Embedding(50257, 768)

In [4]:
def tokenize(example):
    return tokenizer(
        example["text"],
        truncation=True,
        padding="max_length",
        max_length=64,
    )

tokenized_dataset = dataset.map(tokenize, remove_columns=["text"])

Map: 100%|██████████| 10/10 [00:00<00:00, 114.17 examples/s]


In [89]:
data_collator = DataCollatorForLanguageModeling(
    tokenizer=tokenizer,
    mlm=False,
)

In [90]:
training_args = TrainingArguments(
    output_dir="./principle-model",
    per_device_train_batch_size=2,
    num_train_epochs=2,
    learning_rate=2e-4,
    logging_steps=5,
    save_strategy="no",
    report_to="none",
    fp16=torch.cuda.is_available(),
)


In [91]:
trainer = Trainer(
    model=model,
    args=training_args,
    train_dataset=tokenized_dataset,
    data_collator=data_collator,
)


In [92]:
trainer.train()

Step,Training Loss
5,5.9084
10,3.8226


TrainOutput(global_step=10, training_loss=4.865499114990234, metrics={'train_runtime': 0.4753, 'train_samples_per_second': 42.077, 'train_steps_per_second': 21.039, 'total_flos': 326620938240.0, 'train_loss': 4.865499114990234, 'epoch': 2.0})

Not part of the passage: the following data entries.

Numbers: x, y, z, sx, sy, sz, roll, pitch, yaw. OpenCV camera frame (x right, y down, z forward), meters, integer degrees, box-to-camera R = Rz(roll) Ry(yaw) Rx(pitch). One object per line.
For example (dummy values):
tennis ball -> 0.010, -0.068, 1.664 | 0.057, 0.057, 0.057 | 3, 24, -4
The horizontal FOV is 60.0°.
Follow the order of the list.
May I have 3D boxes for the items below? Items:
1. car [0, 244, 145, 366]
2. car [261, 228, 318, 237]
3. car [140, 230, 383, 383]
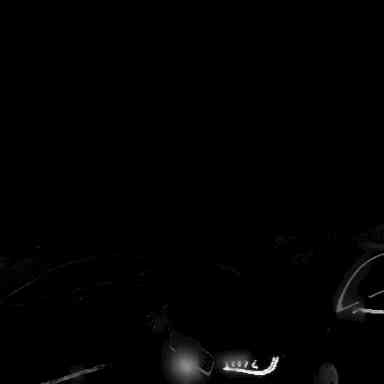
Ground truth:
car -> -1.998, 1.566, 5.111 | 4.313, 1.339, 1.947 | 0, 0, -35
car -> 2.483, 1.582, 8.302 | 4.206, 1.307, 1.802 | 0, 0, -35
car -> 1.922, 1.505, 4.748 | 4.892, 1.490, 1.837 | 0, 0, -35
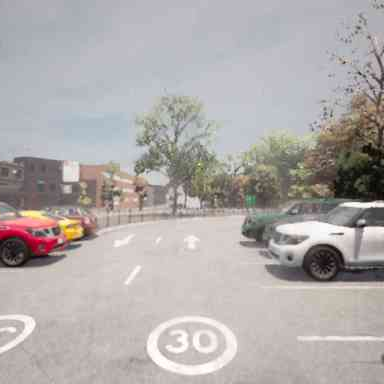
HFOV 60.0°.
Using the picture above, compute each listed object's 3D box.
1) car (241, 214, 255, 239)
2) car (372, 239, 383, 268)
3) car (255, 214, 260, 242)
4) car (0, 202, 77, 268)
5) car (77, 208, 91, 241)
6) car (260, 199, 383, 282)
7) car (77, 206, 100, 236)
[{"bbox_3d":[5.042,1.338,14.944,5.566,2.045,2.435,0,-1,0],"label":"car"},{"bbox_3d":[5.279,1.484,3.763,5.366,1.575,1.946,0,0,0],"label":"car"},{"bbox_3d":[5.076,1.556,12.271,4.892,1.521,2.231,0,-1,0],"label":"car"},{"bbox_3d":[-7.152,1.287,11.106,5.566,2.045,2.435,0,0,0],"label":"car"},{"bbox_3d":[-7.189,1.576,14.020,5.008,1.535,2.097,0,-1,0],"label":"car"},{"bbox_3d":[5.066,1.271,9.482,5.566,2.045,2.435,0,-1,0],"label":"car"},{"bbox_3d":[-7.176,1.491,17.057,4.553,1.767,2.185,0,-1,0],"label":"car"}]
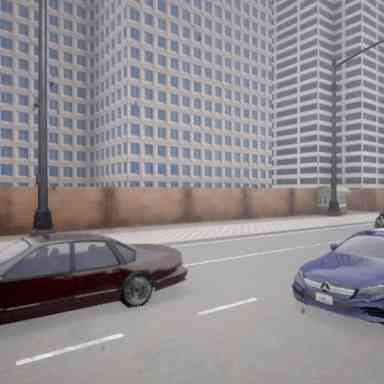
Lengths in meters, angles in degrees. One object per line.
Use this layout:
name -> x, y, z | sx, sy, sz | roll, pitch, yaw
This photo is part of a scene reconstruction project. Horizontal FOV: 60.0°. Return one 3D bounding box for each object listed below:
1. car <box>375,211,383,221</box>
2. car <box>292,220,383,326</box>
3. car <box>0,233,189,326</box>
car -> 11.304, 1.223, 16.441 | 5.566, 2.045, 2.150 | 0, 0, -36
car -> 4.102, 1.526, 6.939 | 4.674, 1.442, 1.812 | 0, 0, -36
car -> -2.638, 1.547, 6.384 | 5.357, 1.411, 2.033 | 0, 0, -36
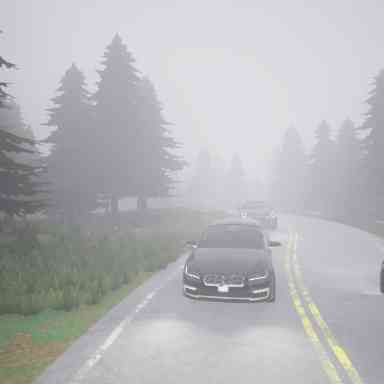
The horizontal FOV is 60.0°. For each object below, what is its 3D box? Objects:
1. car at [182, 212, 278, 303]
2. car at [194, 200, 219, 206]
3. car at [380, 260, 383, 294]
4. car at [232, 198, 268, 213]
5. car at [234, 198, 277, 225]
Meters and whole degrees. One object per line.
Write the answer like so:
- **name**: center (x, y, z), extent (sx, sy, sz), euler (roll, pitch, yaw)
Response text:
- **car**: center (1.081, 1.496, 8.400), extent (1.837, 1.490, 4.892), euler (-1, 0, 12)
- **car**: center (1.868, 1.799, 44.849), extent (1.812, 1.442, 4.674), euler (3, -5, -35)
- **car**: center (4.488, 1.309, 4.634), extent (2.097, 1.767, 4.553), euler (-1, 0, 8)
- **car**: center (6.162, 1.411, 35.728), extent (1.837, 1.490, 4.892), euler (2, -1, -16)
- **car**: center (3.853, 1.271, 20.356), extent (2.097, 1.767, 4.553), euler (-1, 0, 5)
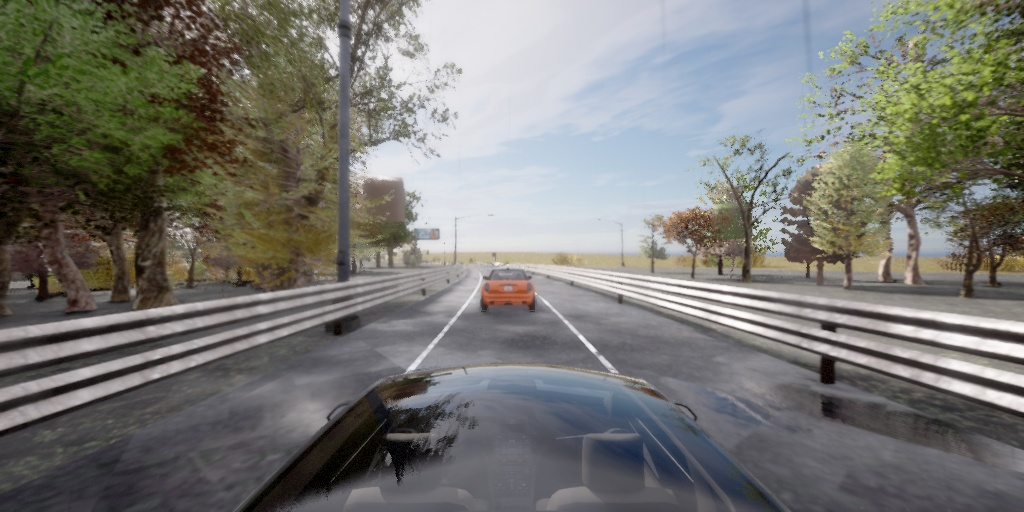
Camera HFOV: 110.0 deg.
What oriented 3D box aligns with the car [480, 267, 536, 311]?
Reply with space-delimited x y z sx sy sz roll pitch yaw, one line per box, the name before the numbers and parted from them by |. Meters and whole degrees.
car | -0.190 1.238 15.309 2.097 1.767 4.553 0 -1 -1
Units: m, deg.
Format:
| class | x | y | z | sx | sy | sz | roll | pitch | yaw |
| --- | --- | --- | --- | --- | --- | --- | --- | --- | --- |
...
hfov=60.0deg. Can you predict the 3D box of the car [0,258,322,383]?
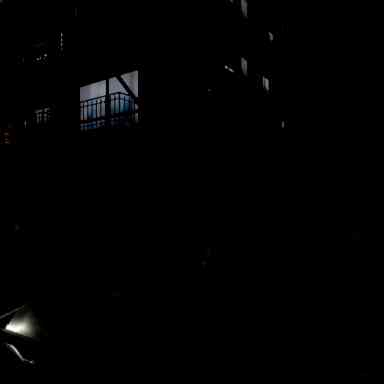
| class | x | y | z | sx | sy | sz | roll | pitch | yaw |
| --- | --- | --- | --- | --- | --- | --- | --- | --- | --- |
| car | -0.884 | 1.566 | 3.503 | 4.313 | 1.339 | 1.947 | 0 | 0 | 35 |
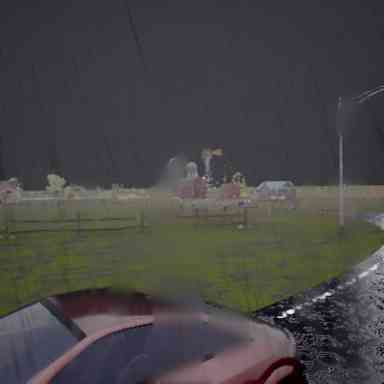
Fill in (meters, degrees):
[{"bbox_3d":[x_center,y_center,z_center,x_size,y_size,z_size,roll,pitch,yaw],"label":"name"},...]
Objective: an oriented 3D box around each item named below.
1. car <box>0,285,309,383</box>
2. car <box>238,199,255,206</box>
[{"bbox_3d":[-0.935,1.588,2.630,4.181,1.385,1.994,0,0,-38],"label":"car"},{"bbox_3d":[11.698,2.275,71.418,1.882,1.535,5.008,-1,0,-20],"label":"car"}]
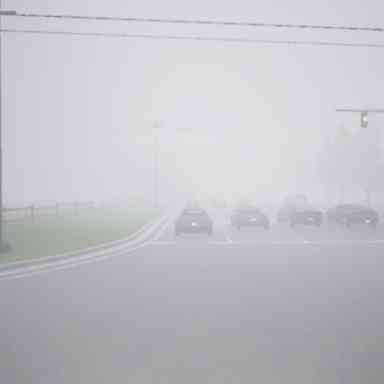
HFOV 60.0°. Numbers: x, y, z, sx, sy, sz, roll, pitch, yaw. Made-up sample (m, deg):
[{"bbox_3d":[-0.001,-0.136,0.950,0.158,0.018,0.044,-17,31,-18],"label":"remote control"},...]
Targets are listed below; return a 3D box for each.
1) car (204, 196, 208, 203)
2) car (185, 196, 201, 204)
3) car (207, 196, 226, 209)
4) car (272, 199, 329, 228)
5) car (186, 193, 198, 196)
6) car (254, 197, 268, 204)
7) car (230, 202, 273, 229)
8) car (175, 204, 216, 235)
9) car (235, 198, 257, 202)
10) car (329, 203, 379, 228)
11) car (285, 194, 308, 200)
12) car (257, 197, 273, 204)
[{"bbox_3d":[3.502,1.528,67.872,2.128,1.511,4.902,0,0,0],"label":"car"},{"bbox_3d":[0.100,1.563,40.744,2.033,1.411,5.357,0,0,0],"label":"car"},{"bbox_3d":[3.599,1.581,46.768,1.994,1.385,4.181,0,0,0],"label":"car"},{"bbox_3d":[7.099,1.486,22.412,1.882,1.535,5.008,0,0,0],"label":"car"},{"bbox_3d":[0.002,1.249,68.158,2.150,2.045,5.566,0,0,0],"label":"car"},{"bbox_3d":[14.002,1.621,67.926,1.895,1.301,4.718,0,0,0],"label":"car"},{"bbox_3d":[3.598,1.572,21.452,1.994,1.385,4.181,0,0,0],"label":"car"},{"bbox_3d":[0.101,1.571,18.653,1.994,1.385,4.181,0,0,0],"label":"car"},{"bbox_3d":[7.099,1.508,46.119,2.128,1.511,4.902,0,0,0],"label":"car"},{"bbox_3d":[10.600,1.513,22.458,1.837,1.490,4.892,0,0,0],"label":"car"},{"bbox_3d":[14.102,1.238,45.508,2.150,2.045,5.566,0,0,0],"label":"car"},{"bbox_3d":[10.588,1.543,47.300,1.812,1.442,4.674,0,0,0],"label":"car"}]
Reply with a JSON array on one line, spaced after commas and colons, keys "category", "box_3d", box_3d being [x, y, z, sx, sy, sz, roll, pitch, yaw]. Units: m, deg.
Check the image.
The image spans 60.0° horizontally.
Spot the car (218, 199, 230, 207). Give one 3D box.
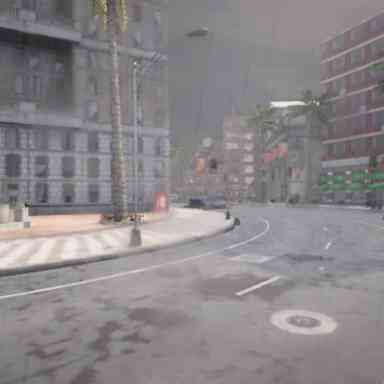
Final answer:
[{"category": "car", "box_3d": [4.476, 1.853, 55.689, 1.895, 1.301, 4.718, 0, 0, -26]}]

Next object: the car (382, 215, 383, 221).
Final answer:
[{"category": "car", "box_3d": [13.666, 1.554, 20.725, 2.033, 1.411, 5.357, 0, 0, 13]}]

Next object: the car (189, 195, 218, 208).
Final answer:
[{"category": "car", "box_3d": [1.406, 1.490, 53.992, 2.150, 2.045, 5.566, 0, -1, -26]}]
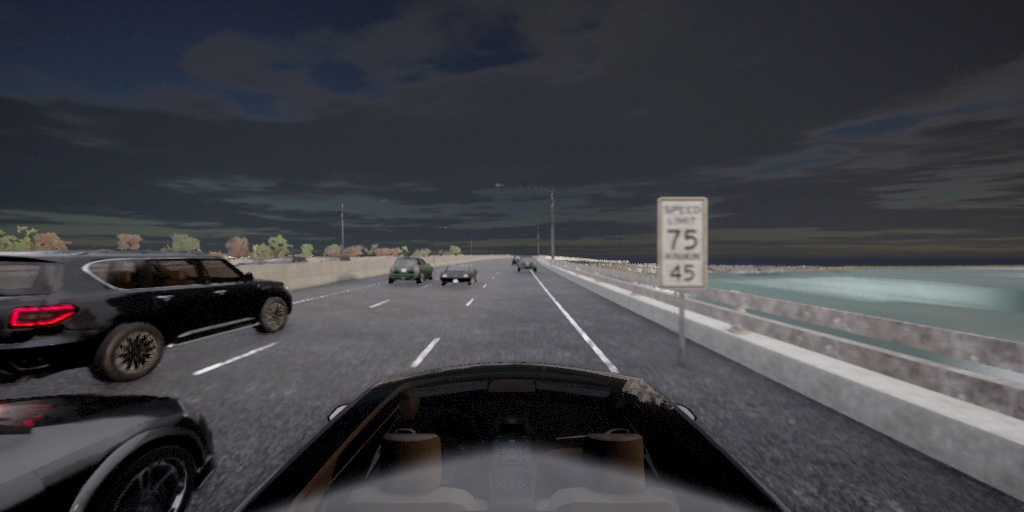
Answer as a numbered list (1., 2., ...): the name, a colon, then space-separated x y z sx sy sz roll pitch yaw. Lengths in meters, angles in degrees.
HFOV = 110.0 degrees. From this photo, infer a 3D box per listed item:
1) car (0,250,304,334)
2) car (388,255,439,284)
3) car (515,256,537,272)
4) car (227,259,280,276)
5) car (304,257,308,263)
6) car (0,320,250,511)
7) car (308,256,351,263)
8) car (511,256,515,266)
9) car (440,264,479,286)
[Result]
1. car: -6.888 0.918 7.113 2.150 2.045 5.566 0 1 0
2. car: -6.745 0.896 24.557 2.097 1.767 4.553 0 0 1
3. car: 1.628 0.777 39.270 2.097 1.767 4.553 0 0 1
4. car: -24.282 1.024 33.912 1.994 1.385 4.181 0 0 1
5. car: -20.796 0.817 33.304 2.097 1.767 4.553 0 0 1
6. car: -3.395 1.317 1.152 1.994 1.385 4.181 0 1 0
7. car: -17.266 0.806 34.864 2.097 1.767 4.553 0 0 1
8. car: 0.916 0.755 58.213 1.882 1.535 5.008 0 1 2
9. car: -3.265 1.158 23.115 1.895 1.301 4.718 0 0 1
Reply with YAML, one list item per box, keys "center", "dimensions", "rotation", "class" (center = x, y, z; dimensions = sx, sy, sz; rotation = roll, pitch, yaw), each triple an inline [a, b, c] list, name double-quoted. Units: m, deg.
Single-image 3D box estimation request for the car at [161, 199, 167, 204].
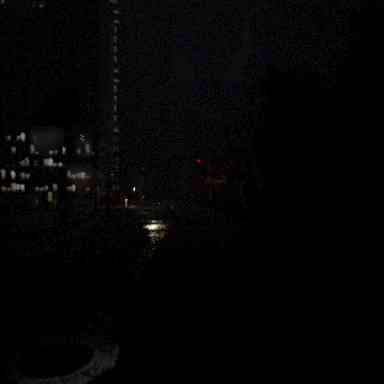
- center: [-7.583, 2.598, 89.662]
  dimensions: [2.033, 1.411, 5.357]
  rotation: [0, -1, -5]
  class: "car"
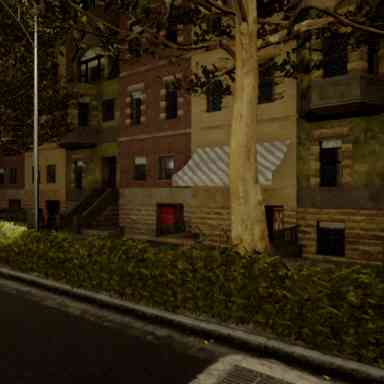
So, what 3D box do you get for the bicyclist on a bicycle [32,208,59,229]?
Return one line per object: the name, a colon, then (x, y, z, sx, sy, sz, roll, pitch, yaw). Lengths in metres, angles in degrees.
bicyclist on a bicycle: (-4.726, 1.337, 10.514, 0.582, 1.620, 1.656, 0, -4, 35)
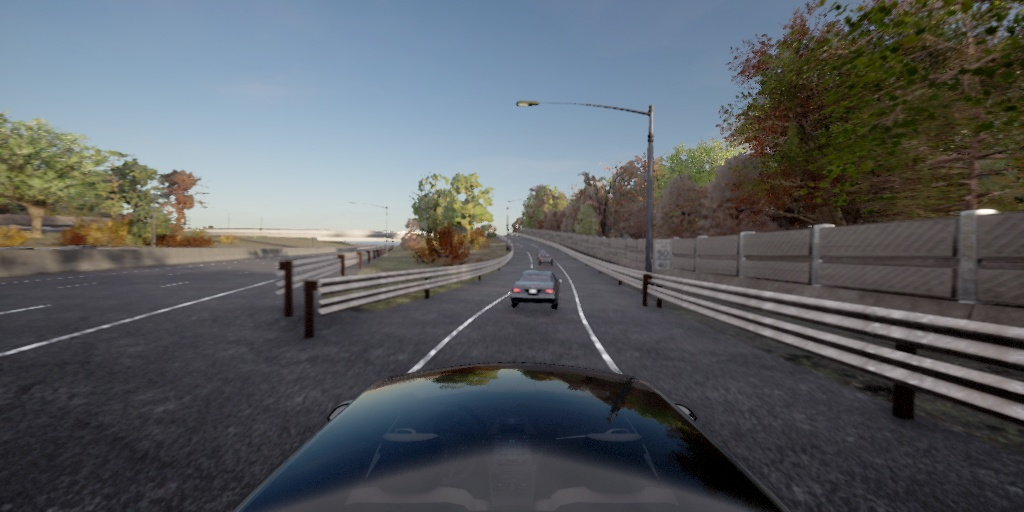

Before fine-tuning (base distilgpt2)

When prompted with:

```text
### TENET
```

the un-finetuned model has no strong prior for what should come next. As a result, it may:

Output blank lines or whitespace

Start an unrelated blog post or article

Produce generic or inconsistent text

This happens because ### TENET is not a common or well-defined pattern in the model's pretraining data.

In [94]:
base_model = AutoModelForCausalLM.from_pretrained("distilgpt2")

prompt = "### TENET\n"

inputs = tokenizer(prompt, return_tensors="pt")
output = base_model.generate(
    **inputs,
    max_new_tokens=30,
    do_sample=True,
)

print(tokenizer.decode(output[0], skip_special_tokens=True))

Setting `pad_token_id` to `eos_token_id`:50256 for open-end generation.


### TENET

A few weeks ago with the release of the Ubuntu 13.04 desktop environment I asked about some important changes in Ubuntu 13.04 LTS with


It did what we expected. It seems to be summarizing some article or blog post.

Let's try it with the finetuned model:

In [95]:
inputs = tokenizer(prompt, return_tensors="pt").to(model.device)

output = model.generate(
    **inputs,
    max_new_tokens=30,
    do_sample=True,
    temperature=0.7,
    repetition_penalty=1.2,
)

print(tokenizer.decode(output[0], skip_special_tokens=True))


Setting `pad_token_id` to `eos_token_id`:50256 for open-end generation.


### TENET
The key to the success of a society is that we are not, and our actions have consequences. The social order requires action rather than aggression as its


This works as we would expect: the model respects the ### TENET formatting and immediately follows it with a tenet-like statement. (There's still some incoherent text because we are using a very small dataset and only a few training examples, so the model hasn't fully generalized.)